TASK OBJECTIVE: In the lines below, output everything from the first line through the line containing "You are a 3D" exactly as it is. Pictures are not part of the output.

INFORMATION:

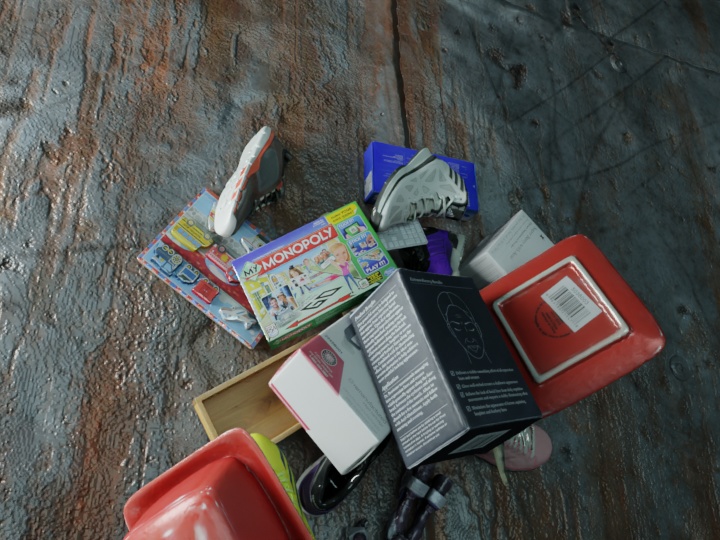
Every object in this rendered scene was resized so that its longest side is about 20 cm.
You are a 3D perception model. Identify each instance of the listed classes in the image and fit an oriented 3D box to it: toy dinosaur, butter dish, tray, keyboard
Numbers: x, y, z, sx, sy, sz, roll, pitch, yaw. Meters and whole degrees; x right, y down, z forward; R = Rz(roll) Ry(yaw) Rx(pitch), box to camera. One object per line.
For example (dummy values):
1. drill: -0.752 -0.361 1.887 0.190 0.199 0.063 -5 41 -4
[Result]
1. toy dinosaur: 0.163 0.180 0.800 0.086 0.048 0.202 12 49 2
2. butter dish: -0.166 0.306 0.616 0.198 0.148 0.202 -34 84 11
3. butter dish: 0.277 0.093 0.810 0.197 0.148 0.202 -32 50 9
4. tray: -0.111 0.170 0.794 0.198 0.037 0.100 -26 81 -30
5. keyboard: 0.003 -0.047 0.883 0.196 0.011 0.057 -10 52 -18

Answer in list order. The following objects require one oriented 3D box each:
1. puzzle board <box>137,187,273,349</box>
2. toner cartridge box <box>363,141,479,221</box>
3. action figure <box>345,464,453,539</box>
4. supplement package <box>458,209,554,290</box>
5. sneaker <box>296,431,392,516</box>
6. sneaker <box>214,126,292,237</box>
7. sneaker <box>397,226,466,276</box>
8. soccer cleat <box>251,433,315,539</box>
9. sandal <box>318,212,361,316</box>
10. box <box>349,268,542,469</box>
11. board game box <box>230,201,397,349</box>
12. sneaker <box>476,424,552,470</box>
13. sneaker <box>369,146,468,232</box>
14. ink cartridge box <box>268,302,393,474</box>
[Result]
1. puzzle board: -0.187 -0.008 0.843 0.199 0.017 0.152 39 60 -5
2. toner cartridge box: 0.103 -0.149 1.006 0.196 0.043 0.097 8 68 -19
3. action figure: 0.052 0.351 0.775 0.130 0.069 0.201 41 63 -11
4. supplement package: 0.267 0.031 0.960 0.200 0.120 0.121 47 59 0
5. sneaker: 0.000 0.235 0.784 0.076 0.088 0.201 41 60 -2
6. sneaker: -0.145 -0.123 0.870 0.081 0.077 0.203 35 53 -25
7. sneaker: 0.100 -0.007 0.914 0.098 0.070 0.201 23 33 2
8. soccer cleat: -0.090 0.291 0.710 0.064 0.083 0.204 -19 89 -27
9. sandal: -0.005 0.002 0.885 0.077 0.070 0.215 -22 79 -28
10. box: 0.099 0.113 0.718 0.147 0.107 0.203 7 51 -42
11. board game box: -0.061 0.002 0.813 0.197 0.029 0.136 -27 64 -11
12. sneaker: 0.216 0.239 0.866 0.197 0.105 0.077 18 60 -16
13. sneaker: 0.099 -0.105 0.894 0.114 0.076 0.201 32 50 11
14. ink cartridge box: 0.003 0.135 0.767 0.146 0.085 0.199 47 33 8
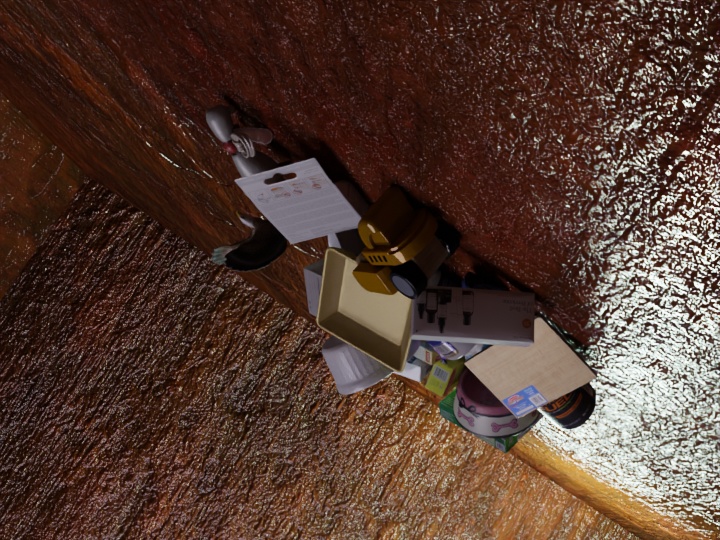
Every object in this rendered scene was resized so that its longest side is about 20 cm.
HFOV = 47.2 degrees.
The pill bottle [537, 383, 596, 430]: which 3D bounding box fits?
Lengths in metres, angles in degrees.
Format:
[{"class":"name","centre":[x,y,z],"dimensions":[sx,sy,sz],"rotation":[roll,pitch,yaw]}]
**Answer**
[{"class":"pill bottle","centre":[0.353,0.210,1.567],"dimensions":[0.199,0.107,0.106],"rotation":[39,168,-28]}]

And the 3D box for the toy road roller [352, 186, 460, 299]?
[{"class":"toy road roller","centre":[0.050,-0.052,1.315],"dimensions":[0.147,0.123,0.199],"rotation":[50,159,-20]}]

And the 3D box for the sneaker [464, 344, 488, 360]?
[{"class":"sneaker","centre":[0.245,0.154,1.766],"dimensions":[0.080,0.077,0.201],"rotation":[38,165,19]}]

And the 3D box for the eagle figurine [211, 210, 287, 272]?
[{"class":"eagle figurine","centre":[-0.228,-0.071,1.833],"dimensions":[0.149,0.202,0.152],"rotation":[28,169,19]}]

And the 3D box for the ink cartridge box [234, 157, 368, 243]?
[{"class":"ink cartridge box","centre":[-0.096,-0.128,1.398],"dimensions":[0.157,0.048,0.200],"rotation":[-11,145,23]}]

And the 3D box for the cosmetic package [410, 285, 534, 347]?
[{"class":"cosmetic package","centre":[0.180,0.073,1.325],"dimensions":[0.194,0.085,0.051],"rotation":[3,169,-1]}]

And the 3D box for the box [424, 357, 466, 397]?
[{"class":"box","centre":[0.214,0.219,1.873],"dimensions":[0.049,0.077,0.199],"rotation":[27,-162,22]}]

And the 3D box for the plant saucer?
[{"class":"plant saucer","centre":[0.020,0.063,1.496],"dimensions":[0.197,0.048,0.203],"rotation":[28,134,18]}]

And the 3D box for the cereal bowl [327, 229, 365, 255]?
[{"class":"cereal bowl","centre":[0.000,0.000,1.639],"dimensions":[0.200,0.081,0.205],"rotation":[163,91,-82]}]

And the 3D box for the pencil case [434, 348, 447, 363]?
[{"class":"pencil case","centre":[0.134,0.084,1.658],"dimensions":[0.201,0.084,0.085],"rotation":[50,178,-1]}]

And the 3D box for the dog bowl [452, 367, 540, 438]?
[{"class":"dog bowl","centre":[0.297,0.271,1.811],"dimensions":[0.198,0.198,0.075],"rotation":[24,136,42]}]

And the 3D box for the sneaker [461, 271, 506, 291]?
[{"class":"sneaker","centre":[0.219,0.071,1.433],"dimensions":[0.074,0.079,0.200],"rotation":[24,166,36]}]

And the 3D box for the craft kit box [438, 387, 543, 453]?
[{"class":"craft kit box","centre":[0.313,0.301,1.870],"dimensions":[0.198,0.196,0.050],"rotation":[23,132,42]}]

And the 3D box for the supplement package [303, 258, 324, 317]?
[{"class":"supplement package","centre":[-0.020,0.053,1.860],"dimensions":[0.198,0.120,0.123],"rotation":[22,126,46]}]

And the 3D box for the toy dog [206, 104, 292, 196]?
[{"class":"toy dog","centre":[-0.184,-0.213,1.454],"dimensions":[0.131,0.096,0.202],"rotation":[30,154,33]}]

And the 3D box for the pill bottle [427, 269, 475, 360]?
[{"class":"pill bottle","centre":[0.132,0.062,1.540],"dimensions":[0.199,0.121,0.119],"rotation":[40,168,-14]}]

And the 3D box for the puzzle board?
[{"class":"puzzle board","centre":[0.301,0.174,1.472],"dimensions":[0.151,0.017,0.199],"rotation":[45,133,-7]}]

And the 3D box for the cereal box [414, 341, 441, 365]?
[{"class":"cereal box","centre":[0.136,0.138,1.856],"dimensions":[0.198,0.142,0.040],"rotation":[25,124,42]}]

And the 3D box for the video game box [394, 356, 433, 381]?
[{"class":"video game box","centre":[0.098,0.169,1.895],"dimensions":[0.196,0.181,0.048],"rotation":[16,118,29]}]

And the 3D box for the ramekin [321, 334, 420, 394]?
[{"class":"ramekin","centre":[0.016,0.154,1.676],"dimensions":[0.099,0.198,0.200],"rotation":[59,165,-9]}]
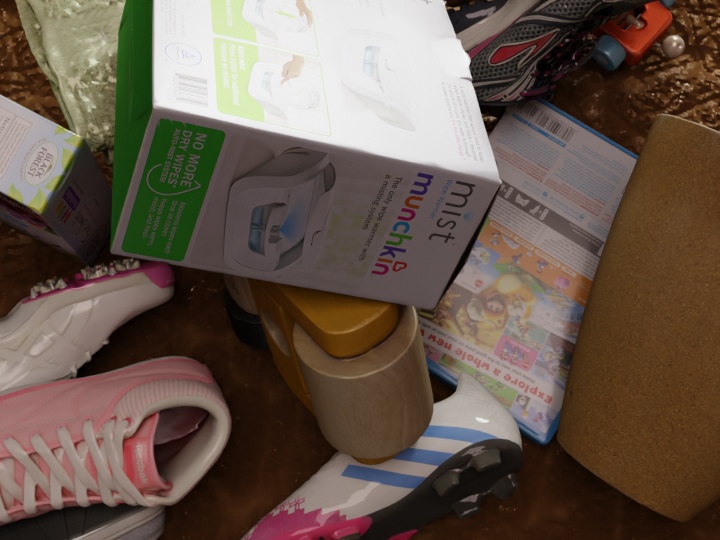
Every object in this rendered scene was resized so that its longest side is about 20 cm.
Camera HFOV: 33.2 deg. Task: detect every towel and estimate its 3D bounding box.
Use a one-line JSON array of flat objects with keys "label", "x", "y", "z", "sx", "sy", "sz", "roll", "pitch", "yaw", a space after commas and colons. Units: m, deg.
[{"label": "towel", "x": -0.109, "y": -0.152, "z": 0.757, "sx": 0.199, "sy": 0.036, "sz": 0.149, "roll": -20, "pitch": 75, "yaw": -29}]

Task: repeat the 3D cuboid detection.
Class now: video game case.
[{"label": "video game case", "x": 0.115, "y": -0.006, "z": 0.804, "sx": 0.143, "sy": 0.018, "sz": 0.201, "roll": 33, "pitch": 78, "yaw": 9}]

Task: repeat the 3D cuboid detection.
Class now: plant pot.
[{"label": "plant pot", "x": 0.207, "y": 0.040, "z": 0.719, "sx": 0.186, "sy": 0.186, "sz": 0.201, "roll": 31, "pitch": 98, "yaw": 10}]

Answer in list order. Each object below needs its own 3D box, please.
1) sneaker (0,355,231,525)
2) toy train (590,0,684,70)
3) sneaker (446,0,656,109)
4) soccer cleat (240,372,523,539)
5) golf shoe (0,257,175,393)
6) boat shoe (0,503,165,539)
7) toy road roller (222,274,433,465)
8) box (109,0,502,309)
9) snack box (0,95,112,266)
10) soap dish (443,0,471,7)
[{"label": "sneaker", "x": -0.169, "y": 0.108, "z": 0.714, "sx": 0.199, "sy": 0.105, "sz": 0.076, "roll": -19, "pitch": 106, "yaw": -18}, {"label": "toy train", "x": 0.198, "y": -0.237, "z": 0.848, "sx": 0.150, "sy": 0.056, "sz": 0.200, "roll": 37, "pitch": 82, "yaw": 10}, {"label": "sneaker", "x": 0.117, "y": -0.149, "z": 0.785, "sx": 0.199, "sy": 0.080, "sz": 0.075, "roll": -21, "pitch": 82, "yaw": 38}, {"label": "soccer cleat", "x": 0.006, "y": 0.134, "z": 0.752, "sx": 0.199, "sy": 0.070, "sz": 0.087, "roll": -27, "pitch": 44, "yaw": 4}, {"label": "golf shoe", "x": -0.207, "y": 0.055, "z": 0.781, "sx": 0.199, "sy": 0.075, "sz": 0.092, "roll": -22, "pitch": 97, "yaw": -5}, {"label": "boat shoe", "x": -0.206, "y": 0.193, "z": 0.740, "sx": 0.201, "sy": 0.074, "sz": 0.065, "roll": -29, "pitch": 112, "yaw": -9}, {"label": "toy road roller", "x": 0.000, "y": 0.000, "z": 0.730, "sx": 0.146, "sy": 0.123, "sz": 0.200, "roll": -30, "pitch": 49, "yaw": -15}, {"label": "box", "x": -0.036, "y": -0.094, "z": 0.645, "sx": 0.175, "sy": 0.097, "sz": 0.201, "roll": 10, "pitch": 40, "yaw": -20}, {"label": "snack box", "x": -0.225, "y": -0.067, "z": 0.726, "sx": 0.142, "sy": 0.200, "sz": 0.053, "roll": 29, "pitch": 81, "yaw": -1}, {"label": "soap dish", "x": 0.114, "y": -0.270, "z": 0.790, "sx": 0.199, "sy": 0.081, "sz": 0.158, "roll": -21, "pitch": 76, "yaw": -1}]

TASK OUTPUT:
Every object in this rendered scene was resized so that its longest side is about 20 cm.
You are a 3D perception model. Identify each instance of the listed classes in the image and fit an oriented 3D box to it: toy dinosaur, butter dish, tray, keyboard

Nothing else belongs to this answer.